Schumer: Joe and Eileen … they're an average family. I've made them the average family since they're fictional. I think they're the average family. Now, I think where my theory might be wrong is maybe you don't aim politics at the average family. But I really do believe they're pretty much the average family. And when that guy was yelling at me from his bicycle, he said, “You don't represent your constituents.” See, that's the kind of arrogance … I said, “Why do you think I know less about my constituents than you do? I don't represent you on this issue, that's for sure. If you want to vote against me, God bless you, that's the system. But my job … I've done a pretty good job at representing my constituents through the years. So what I've thought about is not that Joe and Eileen are not the average folks; they may not be 20 years from now, but I bet their kids will be.

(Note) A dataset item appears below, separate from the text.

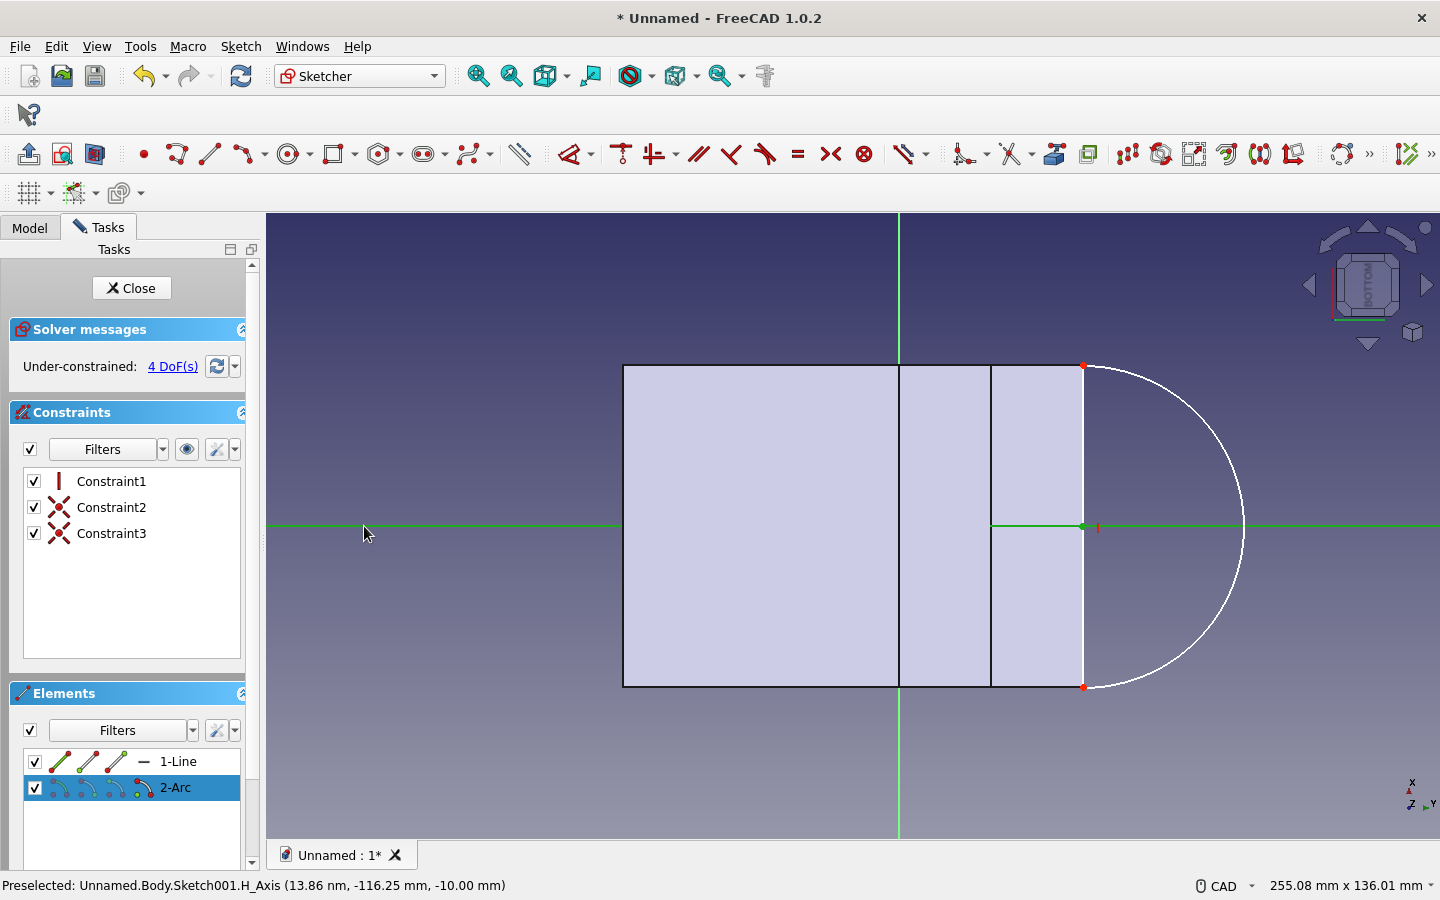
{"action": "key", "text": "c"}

But maybe that's not the way to do this. Maybe deductive reasoning works. I don't think the Republican Party came from the average person. I think they came from a couple of groups, very wealthy greedy people who wanted to keep all their money and keep all their power … you know, the right wing, the royalists. I say the two major … I give a little speech to the DSCC. I say in the late '90s, two groups combined: the theocrats -- those people who believe that … they have deep faith. And what I say to people, whether it's the West or … I respect that faith. I've been in enough inner-city black churches, working-class Catholic parishes, rural Methodist churches, little Jewish temples to think faith is a gift, and I believe that. But the thing these people do is they take their faith and want it to influence our politics. That's un-American. That's what the Founding Fathers took up muskets and put down their plows for. But, I say, they were joined by a far more insidious group, and I call them the economic royalists. And here's how I personify that. They're personified by when Tom DeLay goes back to his country club in the wealthy suburbs of Houston. I've never been there, I say, but I'm sure within five minutes this happens: Someone comes over to him and says, “Tom,” -- he's angry -- “I made my money all by myself. Your government didn't help me. How dare your government take mine from me!” The next five minutes, “Tom, I bought those 10,000 acres in the middle of Texas all by myself with my money. It's my land. How dare your government tell me what I should put in the air, put in the water!” Third one, “Tom, this is my company. I built it with my own hands. Those 12,000 employees work for me. How dare your government tell me who I should hire! If I want to discriminate against blacks or women or gays, if I want to treat them this way or pay them that, that's my business, not your government's.”
So this group started with narrow greed, and over 40 years, in think tanks and everything else, they came up with a philosophy. I think it's a patina of a philosophy, you go a half-inch in … but it sort of works. The Wall Street Journal editorial page. And it's no longer a self-interested theory, if you will -- it is in my judgment -- but to them it's a great theory on how to move America forward.
So maybe you don't start with Joe and Eileen. They didn't. They started with the outliers and worked to the middle, but I don't believe that works ultimately. I think it worked because we were out of touch. Ronald Reagan came at a time when he was needed in a certain sense, even though I didn't agree with him. American government needed that kick in the butt, but I think it's over. So, how do I know they're average folks? It's just instinct, and you can probably … I mean, it's not just raw instinct, I look at a lot of polls and a lot of demographics and a lot of population studies. I love that kind of stuff, I always have. But I could be wrong. And will they be the average family 20 years from now? No, but I follow them as they change.